SATURDAY NIGHT FEVER (1977, Paramount Pictures, USA, 118 mins, Colour, 1.85:1, Dolby Stereo, Cert: 18, Drama) ∗∗∗∗∗
Starring: John Travolta (Tony Manero), Karen Lynn Gorney (Stephanie Mangano), Barry Miller (Bobby C.), Joseph Cali (Joey), Paul Pape (Double J.), Bruce Ornstein (Gus), Donna Pescow (Annette), Val Bisoglio (Frank Manero, Sr.), Julie Bovasso (Flo Manero), Martin Shakar (Frank Manero, Jr.), Nina Hansen (Grandmother), Lisa Peluso (Linda Manero), Sam J. Coppola (Dan Fusco), Lisa Peluso (Linda), Denny Dillon (Doreen), Bert Michaels (Pete).
Producer: Robert Stigwood; Director: John Badham; Writer: Norman Wexler (based on the article “Tribal Rites of the New Saturday Night” by Nik Cohn); Director of Photography: Ralf D. Bode (Movielab); Music: Barry Gibb, Robin Gibb, Maurice Gibb, David Shire; Film Editor: David Rawlins; Production Designer: Charles Bailey; Costume Designer: Patrizia Von Brandenstein.
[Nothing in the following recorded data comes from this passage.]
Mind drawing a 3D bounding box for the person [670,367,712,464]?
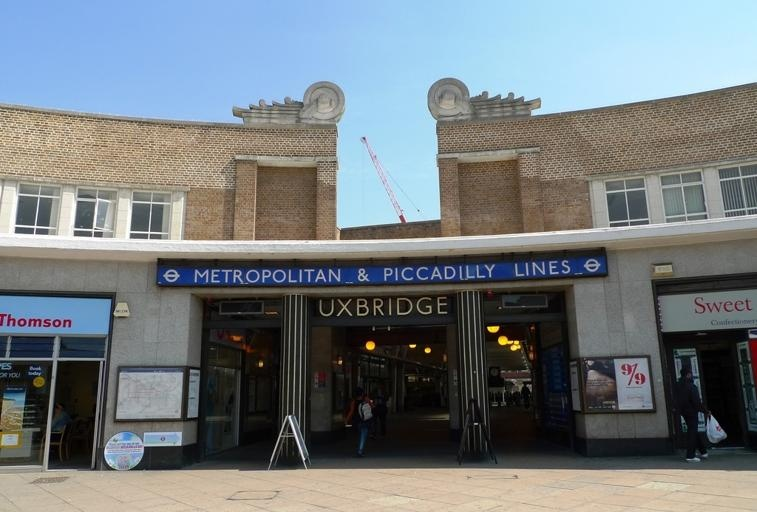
[{"bbox_3d":[8.460,4.186,16.253,0.639,2.438,0.839,-7,-11,23],"label":"person"}]

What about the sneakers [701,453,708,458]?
[{"bbox_3d":[8.762,5.327,16.143,0.091,0.087,0.248,-2,-12,20],"label":"sneakers"}]

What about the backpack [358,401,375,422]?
[{"bbox_3d":[-0.364,4.861,18.986,0.405,0.603,0.309,0,-10,-12],"label":"backpack"}]

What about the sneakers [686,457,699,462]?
[{"bbox_3d":[8.297,5.352,15.860,0.386,0.123,0.116,-1,-6,-3],"label":"sneakers"}]

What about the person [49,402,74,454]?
[{"bbox_3d":[-9.676,5.361,18.478,0.563,1.638,1.247,2,-10,-26],"label":"person"}]
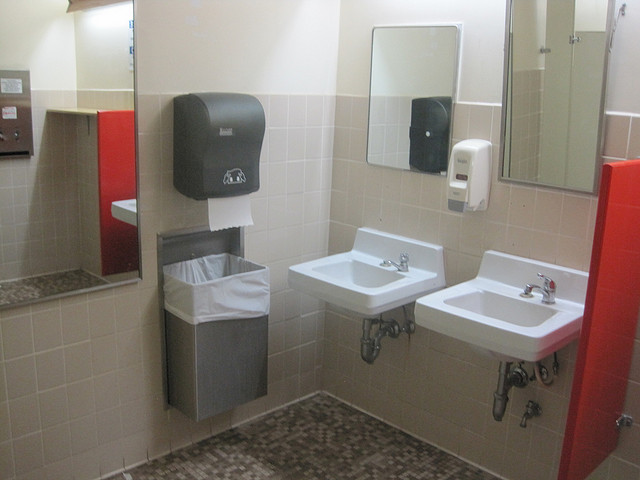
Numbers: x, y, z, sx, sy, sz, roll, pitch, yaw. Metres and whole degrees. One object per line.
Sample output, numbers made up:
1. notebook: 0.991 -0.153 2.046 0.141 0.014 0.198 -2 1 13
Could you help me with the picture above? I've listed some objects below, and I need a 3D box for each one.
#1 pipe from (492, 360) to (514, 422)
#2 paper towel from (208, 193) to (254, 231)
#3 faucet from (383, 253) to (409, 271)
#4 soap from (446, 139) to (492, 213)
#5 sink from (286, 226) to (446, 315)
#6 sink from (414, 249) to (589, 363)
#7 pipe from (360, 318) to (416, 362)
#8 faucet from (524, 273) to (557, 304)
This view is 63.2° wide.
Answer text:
1. pipe: 0.923 0.755 2.640 0.066 0.405 0.187 6 17 20
2. paper towel: -0.472 -0.152 2.761 0.064 0.193 0.271 14 22 40
3. faucet: 0.427 0.114 3.035 0.066 0.115 0.174 -11 19 -38
4. soap: 0.782 -0.342 2.758 0.151 0.452 0.173 -11 20 -40
5. sink: 0.272 0.174 2.978 0.713 0.308 0.634 -16 24 -41
6. sink: 0.911 0.334 2.485 0.592 0.465 0.629 -10 18 -36
7. pipe: 0.406 0.565 3.115 0.341 0.281 0.111 -6 17 -18
8. faucet: 1.090 0.248 2.570 0.164 0.165 0.061 -3 14 -4
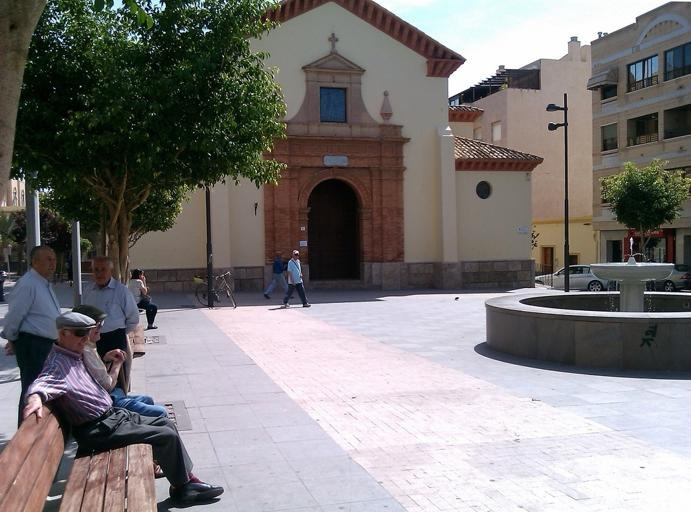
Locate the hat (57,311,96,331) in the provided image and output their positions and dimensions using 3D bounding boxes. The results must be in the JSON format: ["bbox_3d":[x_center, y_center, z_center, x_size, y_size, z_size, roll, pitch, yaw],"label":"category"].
[{"bbox_3d":[-2.322,0.549,5.285,0.284,0.142,0.362,-2,3,-43],"label":"hat"}]

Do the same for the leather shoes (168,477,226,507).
[{"bbox_3d":[-1.335,2.117,5.632,0.542,0.280,0.191,-3,-2,-14],"label":"leather shoes"}]

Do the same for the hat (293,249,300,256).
[{"bbox_3d":[-1.872,-0.162,22.935,0.209,0.289,0.128,2,-10,9],"label":"hat"}]

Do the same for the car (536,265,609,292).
[{"bbox_3d":[10.314,1.043,28.178,2.602,0.922,1.200,2,-2,19],"label":"car"}]

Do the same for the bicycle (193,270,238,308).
[{"bbox_3d":[-4.920,1.283,23.568,2.298,1.433,1.202,-3,-1,32],"label":"bicycle"}]

Robert Stigwood purchased the rights to a magazine article “Tribal Rites of the New Saturday Night” by Nik Cohn published in New York Magazine on 7 Jun 1976 and the resultant movie became a smash hit by tapping into the then current disco fever and through the magnetic performance of its new star, John Travolta. Cohn was initially involved in the screenplay before Wexler was brought in to produce the shooting script. Initially John Avildsen was to direct, but conceptual disagreements with producer Stigwood led to him being replaced by Badham.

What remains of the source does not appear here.